Verifier-based aggregation yields superior accuracy-cost trade-offs. For GLM-4.5, increasing search compute from Maj@8 (35.7%) to Maj@32 (40.8%) requires ~560 additional tool calls, while adding a verifier boosts accuracy to 45% with only ~100 extra calls. Similar patterns are observed for K2 and Qwen3-2507.

Figure 5: Comparison of strategies for scaling verifier computation across models, showing accuracy and corresponding tool calls for vanilla, Max # Tool Call, Budget Forcing, and Parallel Scaling.

Scaling verifier compute further raises performance ceilings, with gains dependent on model and strategy. For K2, budget forcing increases accuracy from 10% to 20%. For GLM-4.5, parallel scaling with Best-of-8 achieves 42% accuracy.

Heavy Variants and Benchmark Results

By combining sequential and parallel scaling for both search and verifier agents, the authors construct "Heavy" variants of open-source models. These variants achieve performance comparable to leading commercial systems across multiple benchmarks.

Figure 6: Scaling test-time compute for different models on BrowseComp, showing accuracy as a function of tool calls.

GLM-4.5 Heavy attains 54.0% accuracy on BrowseComp, 49.0% on BrowseComp-zh, 66.0% on GAIA, and 68.0% on xbench-DeepSearch. Tongyi-DeepResearch Heavy reaches 69% on BrowseComp. The introduction of verifiers accelerates performance gains, with parallel scaling of the verifier yielding consistent improvements.

Figure 7: Scaling test-time compute for different models on BrowseComp-zh, showing accuracy as a function of tool calls.

Figure 8: Scaling test-time compute for different models on GAIA, showing accuracy as a function of tool calls.

Figure 9: Scaling test-time compute for different models on xbench-DeepSearch, showing accuracy as a function of tool calls.

On xbench-DeepSearch, where search and verification are equally difficult, verifier scaling offers minimal improvement, highlighting the importance of task-specific asymmetry.

Implementation Considerations

The paper demonstrates that compute allocation should be guided by the asymmetry between search and verification. For tasks with strong verification asymmetry, shifting compute to verifiers yields higher accuracy per unit cost. The choice of scaling strategy (sequential vs. parallel), scaling target (search vs. verifier), and aggregation metric (Pass@K, Maj@K, Best-of-K, Weighted Voting) should be tailored to model characteristics and compute budgets.

The agentic framework is modular, enabling straightforward adaptation of scaling strategies. System prompts for both search and verifier agents are critical for controlling tool usage and agent behavior. Budget Forcing and parallel sampling can be implemented via prompt engineering and batch inference, respectively.

Implications and Future Directions

The findings have significant implications for the design of agentic search systems. Efficient test-time scaling via asymmetric verification enables open-source models to match or exceed commercial systems on complex benchmarks. The results suggest that future systems should integrate verification more deeply, potentially applying verifiers at each search step or using them to guide search trajectories.

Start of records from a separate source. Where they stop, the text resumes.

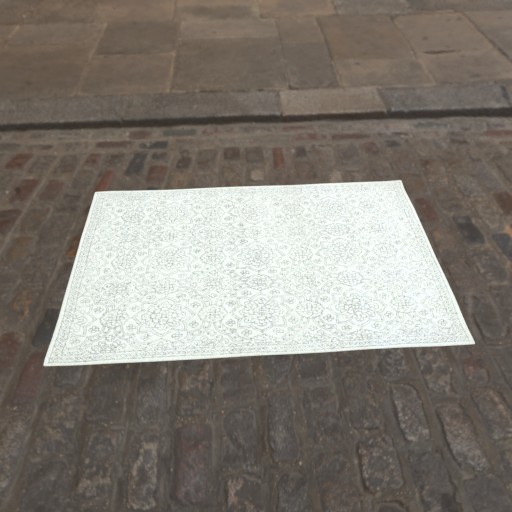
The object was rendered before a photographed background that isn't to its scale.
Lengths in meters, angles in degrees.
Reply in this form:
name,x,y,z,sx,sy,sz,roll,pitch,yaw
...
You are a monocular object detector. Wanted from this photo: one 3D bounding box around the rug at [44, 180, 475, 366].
name,x,y,z,sx,sy,sz,roll,pitch,yaw
rug,0.000,0.000,2.994,2.434,0.023,1.518,-3,47,-2
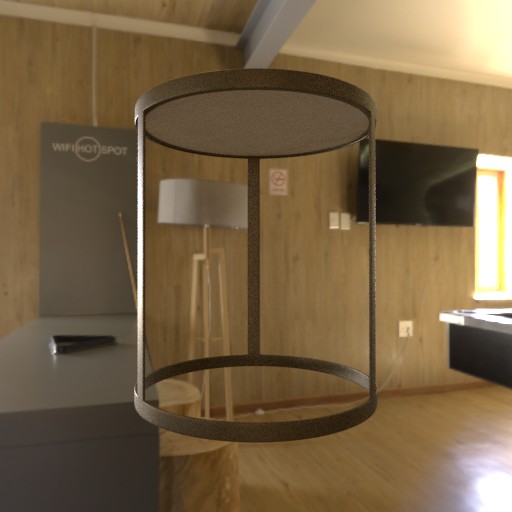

Further research may explore training agents to internalize verification capabilities, enabling end-to-end reasoning and verification during inference. The paradigm of compute-optimal scaling—allocating resources based on task-specific asymmetry—can be generalized to other domains beyond deep search.

Conclusion

This paper provides a rigorous analysis of test-time scaling for deep search agents, demonstrating that leveraging asymmetric verification enables substantial performance gains with modest compute increases. By systematically combining sequential and parallel scaling for both search and verifier agents, open-source models can be transformed into Heavy variants that rival commercial systems on challenging information-seeking tasks. The paper establishes a framework for compute-optimal scaling and highlights the importance of verification asymmetry in agentic system design, paving the way for more efficient and powerful AI agents.